> **Items listed in a dataset**:
****************

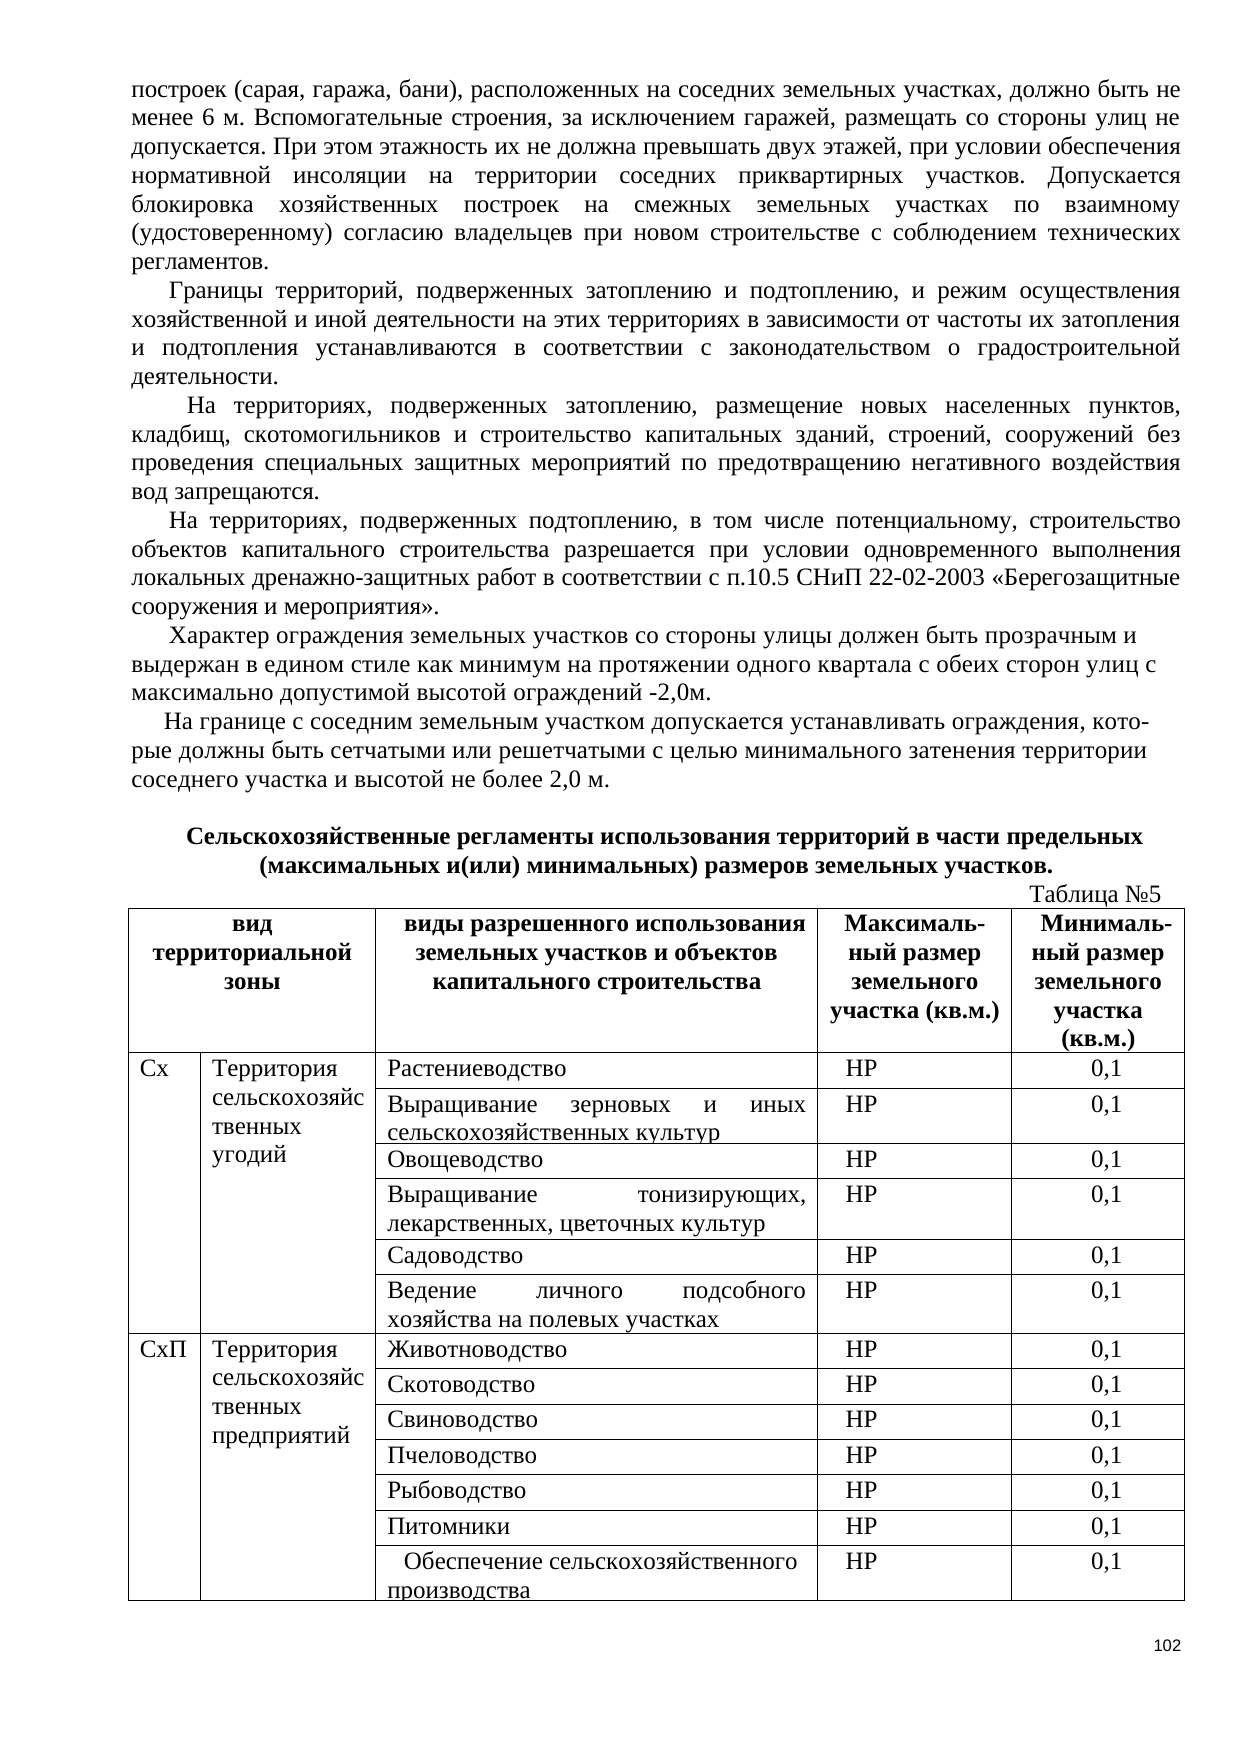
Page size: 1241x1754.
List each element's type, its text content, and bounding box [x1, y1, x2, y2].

table_cell Обеспечение сельскохозяйственного производства [376, 1546, 817, 1600]
table_cell 0,1 [1012, 1405, 1184, 1439]
table_cell НР [818, 1475, 1011, 1510]
text Сельскохозяйственные регламенты использования территорий в части предельных (максимальных и(или) минимальных) размеров земельных участков. [131, 821, 1181, 879]
table_cell НР [818, 1405, 1011, 1439]
table_cell НР [818, 1053, 1011, 1088]
table_cell 0,1 [1012, 1546, 1184, 1600]
table_cell Пчеловодство [376, 1440, 817, 1474]
table_cell Рыбоводство [376, 1475, 817, 1510]
text Таблица №5 [131, 879, 1181, 907]
table_header виды разрешенного использования земельных участков и объектов капитального строительства [376, 909, 817, 1052]
table_cell Выращивание зерновых и иных сельскохозяйственных культур [376, 1089, 817, 1143]
text Границы территорий, подверженных затоплению и подтоплению, и режим осуществления хозяйственной и иной деятельности на этих территориях в зависимости от частоты их затопления и подтопления устанавливаются в соответствии с законодательством о градостроительной деятельности. [131, 275, 1181, 390]
table_cell 0,1 [1012, 1440, 1184, 1474]
table_cell НР [818, 1240, 1011, 1274]
table_cell 0,1 [1012, 1240, 1184, 1274]
table_cell НР [818, 1275, 1011, 1333]
table_cell 0,1 [1012, 1144, 1184, 1178]
text На территориях, подверженных подтоплению, в том числе потенциальному, строительство объектов капитального строительства разрешается при условии одновременного выполнения локальных дренажно-защитных работ в соответствии с п.10.5 СНиП 22-02-2003 «Берегозащитные сооружения и мероприятия». [131, 505, 1181, 620]
table_cell НР [818, 1511, 1011, 1545]
text На территориях, подверженных затоплению, размещение новых населенных пунктов, кладбищ, скотомогильников и строительство капитальных зданий, строений, сооружений без проведения специальных защитных мероприятий по предотвращению негативного воздействия вод запрещаются. [131, 390, 1181, 505]
table_header Минималь-ный размер земельного участка (кв.м.) [1012, 909, 1184, 1052]
text построек (сарая, гаража, бани), расположенных на соседних земельных участках, должно быть не менее 6 м. Вспомогательные строения, за исключением гаражей, размещать со стороны улиц не допускается. При этом этажность их не должна превышать двух этажей, при условии обеспечения нормативной инсоляции на территории соседних приквартирных участков. Допускается блокировка хозяйственных построек на смежных земельных участках по взаимному (удостоверенному) согласию владельцев при новом строительстве с соблюдением технических регламентов. [131, 74, 1181, 275]
table_cell 0,1 [1012, 1179, 1184, 1239]
table_cell Питомники [376, 1511, 817, 1545]
table_cell Свиноводство [376, 1405, 817, 1439]
table_cell 0,1 [1012, 1089, 1184, 1143]
table_cell Животноводство [376, 1334, 817, 1368]
text Характер ограждения земельных участков со стороны улицы должен быть прозрачным и выдержан в едином стиле как минимум на протяжении одного квартала с обеих сторон улиц с максимально допустимой высотой ограждений -2,0м. На границе с соседним земельным участком допускается устанавливать ограждения, кото-рые должны быть сетчатыми или решетчатыми с целью минимального затенения территории соседнего участка и высотой не более 2,0 м. [131, 620, 1181, 792]
table_cell Выращивание тонизирующих, лекарственных, цветочных культур [376, 1179, 817, 1239]
table_cell Территория сельскохозяйственных предприятий [201, 1334, 375, 1600]
table_cell Территория сельскохозяйственных угодий [201, 1053, 375, 1333]
table_cell НР [818, 1334, 1011, 1368]
table_cell СхП [129, 1334, 200, 1600]
table_cell 0,1 [1012, 1369, 1184, 1403]
table_cell НР [818, 1546, 1011, 1600]
table_cell Растениеводство [376, 1053, 817, 1088]
table_cell НР [818, 1144, 1011, 1178]
table_cell Садоводство [376, 1240, 817, 1274]
table_cell 0,1 [1012, 1275, 1184, 1333]
table_cell 0,1 [1012, 1475, 1184, 1510]
table_cell 0,1 [1012, 1334, 1184, 1368]
table_cell 0,1 [1012, 1053, 1184, 1088]
table_cell Скотоводство [376, 1369, 817, 1403]
table_header Максималь-ный размер земельного участка (кв.м.) [818, 909, 1011, 1052]
table_cell Овощеводство [376, 1144, 817, 1178]
table_cell НР [818, 1440, 1011, 1474]
table_cell Сх [129, 1053, 200, 1333]
table_cell НР [818, 1369, 1011, 1403]
table_cell НР [818, 1179, 1011, 1239]
table_cell НР [818, 1089, 1011, 1143]
table_cell 0,1 [1012, 1511, 1184, 1545]
table_cell Ведение личного подсобного хозяйства на полевых участках [376, 1275, 817, 1333]
table_header вид территориальной зоны [129, 909, 375, 1052]

****************

> **Problem description**:
Which lines of the entries above contain the string "использования"? Copy each one.

> **Result**:
text Сельскохозяйственные регламенты использования территорий в части предельных (максимальных и(или) минимальных) размеров земельных участков. [131, 821, 1181, 879]
table_header виды разрешенного использования земельных участков и объектов капитального строительства [376, 909, 817, 1052]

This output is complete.